In order to maintain plasma volumes within acceptable limits for patients with refractory CHF, all patients were enrolled in a long-term program of intermittent PD: 1 nocturnal exchange with ICO in 3 patients and 2 exchanges in 1 patient (ICO + 1.36% isotonic dextrose solution) (Table 1). All patients were advised to be on a low sodium diet, to take daily blood pressure measurements, and to record PD UF and body weight. Renal function, daily diuresis, body weight, peritoneal UF, mean arterial pressure (defined as diastolic pressure + 1/3 the difference between systolic and diastolic pressure), changes in NYHA class, EF, and peritonitis episodes were monitored before and during PD treatment (at 0, 3, 6, 12, 18, 24, 30, 36, and 43 months). The average of the last three measurements of the follow-up was reported for each patient. Hospitalization days due to cardiac illnesses occurring during the 12 months preceding the start of PD and during the PD follow-up period were also recorded.
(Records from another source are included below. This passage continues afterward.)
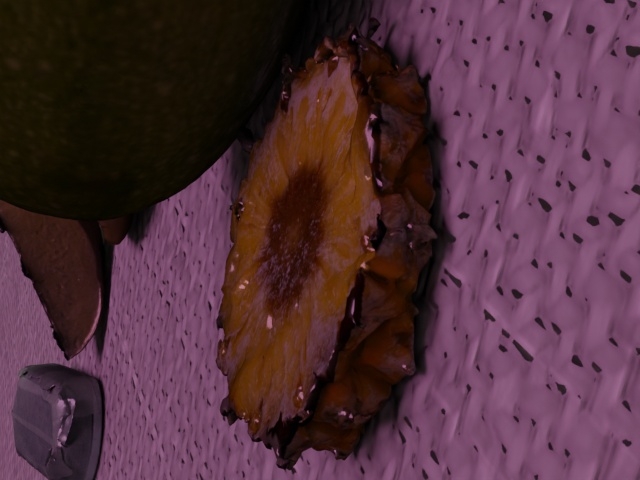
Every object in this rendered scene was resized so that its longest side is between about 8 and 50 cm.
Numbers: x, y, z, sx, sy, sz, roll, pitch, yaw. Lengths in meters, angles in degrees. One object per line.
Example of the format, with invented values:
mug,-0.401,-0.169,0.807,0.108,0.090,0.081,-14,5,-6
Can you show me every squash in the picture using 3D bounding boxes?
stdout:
squash,-0.148,-0.145,0.709,0.310,0.310,0.309,-112,30,-55

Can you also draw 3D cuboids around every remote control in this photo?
remote control,-0.253,0.173,1.269,0.247,0.052,0.104,176,99,-68

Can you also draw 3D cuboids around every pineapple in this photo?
pineapple,0.000,0.000,0.617,0.221,0.047,0.221,-170,90,-69

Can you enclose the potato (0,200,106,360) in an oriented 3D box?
potato,-0.231,0.017,1.248,0.172,0.089,0.100,62,178,4

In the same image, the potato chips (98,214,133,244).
potato chips,-0.196,-0.094,1.122,0.195,0.062,0.208,65,175,-18
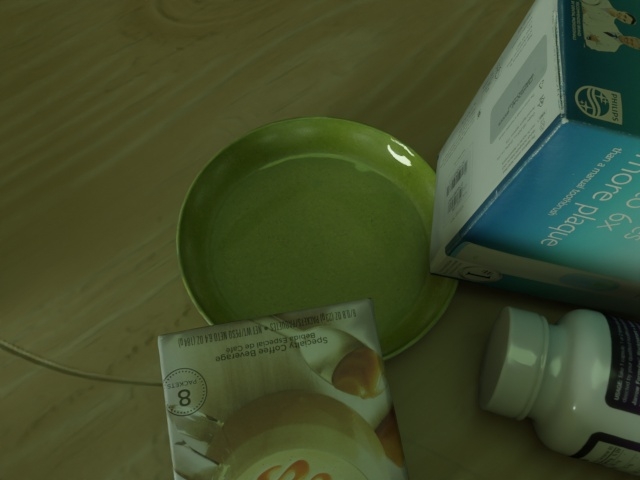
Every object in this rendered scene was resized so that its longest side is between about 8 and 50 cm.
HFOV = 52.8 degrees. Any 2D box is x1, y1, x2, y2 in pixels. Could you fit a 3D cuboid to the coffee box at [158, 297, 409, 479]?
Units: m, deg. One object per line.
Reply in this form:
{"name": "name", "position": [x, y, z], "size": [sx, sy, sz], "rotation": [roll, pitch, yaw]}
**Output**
{"name": "coffee box", "position": [-0.012, 0.175, 0.410], "size": [0.141, 0.098, 0.246], "rotation": [-10, 74, -6]}

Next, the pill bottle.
{"name": "pill bottle", "position": [0.220, 0.112, 0.469], "size": [0.194, 0.108, 0.108], "rotation": [15, 63, 5]}

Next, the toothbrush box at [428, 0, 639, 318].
{"name": "toothbrush box", "position": [0.255, -0.038, 0.467], "size": [0.296, 0.216, 0.126], "rotation": [12, 63, -7]}

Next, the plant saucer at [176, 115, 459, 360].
{"name": "plant saucer", "position": [0.000, 0.000, 0.556], "size": [0.241, 0.037, 0.241], "rotation": [1, 64, -2]}
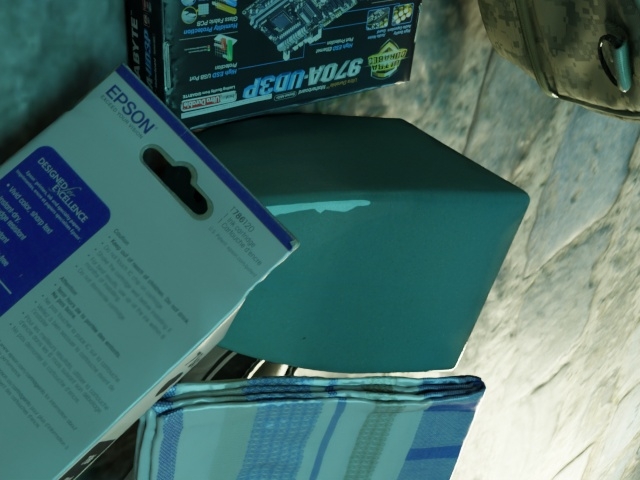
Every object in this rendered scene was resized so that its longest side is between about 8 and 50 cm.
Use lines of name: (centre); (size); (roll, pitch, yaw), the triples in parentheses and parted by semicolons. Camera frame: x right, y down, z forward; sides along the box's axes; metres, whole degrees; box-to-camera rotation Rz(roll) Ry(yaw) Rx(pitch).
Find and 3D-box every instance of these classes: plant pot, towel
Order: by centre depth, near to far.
plant pot: (0.000, 0.000, 0.582); (0.234, 0.165, 0.166); (0, 118, -39)
towel: (-0.014, 0.194, 0.616); (0.284, 0.034, 0.209); (2, 121, -21)

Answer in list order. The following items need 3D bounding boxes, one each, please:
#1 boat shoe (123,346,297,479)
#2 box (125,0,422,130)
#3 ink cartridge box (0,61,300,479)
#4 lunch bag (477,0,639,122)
boat shoe: (-0.092, 0.193, 0.677); (0.306, 0.105, 0.113); (-53, 140, 2)
box: (-0.020, -0.179, 0.512); (0.220, 0.051, 0.175); (-20, 130, -32)
ink cartridge box: (-0.184, 0.064, 0.451); (0.332, 0.165, 0.065); (-42, 171, -8)
lunch bag: (0.288, -0.225, 0.545); (0.305, 0.256, 0.213); (-26, 129, 0)
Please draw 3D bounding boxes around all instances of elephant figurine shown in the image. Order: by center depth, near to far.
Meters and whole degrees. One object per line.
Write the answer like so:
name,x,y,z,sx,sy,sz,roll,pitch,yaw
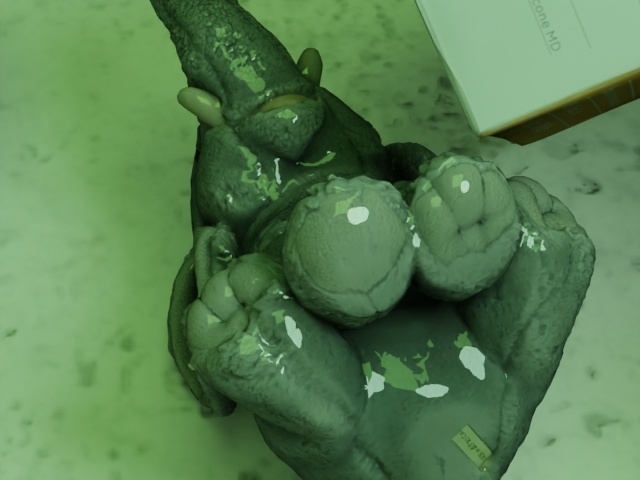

Statistical analysis was performed using Student's paired t-test, with statistical significance being set at p < 0.05.

Mean follow-up was 24.3 ± 15.6 months. After being stabilized on PD, all patients had a statistically significant increase in daily diuresis (from 587.5 ± 165.2 to 1700.0 ± 141.4 mL, p < 0.003) (Table 2) and a statistically nonsignificant decrease in serum creatinine level (from 3.55 ± 1.12 to 2.37 ± 0.35 mg/dL) (Table 2). Decrease in body weight was statistically significant (11.3 ± 3.4 kg, p < 0.007) (Table 2). All patients showed a statistically significant improvement in NYHA class (from 4.0 ± 0.0 to 2.5 ± 2.6, p < 0.01) (Table 2). Mean arterial pressure increased and became stable during the follow-up period (Table 2). Ejection fraction, as measured by echocardiography, increased in 1 patient, remained stable in 2 patients, and worsened in 1 patient (EF before the start of PD 45% ± 27.7%; EF after the start of PD 59.0% ± 23.1%).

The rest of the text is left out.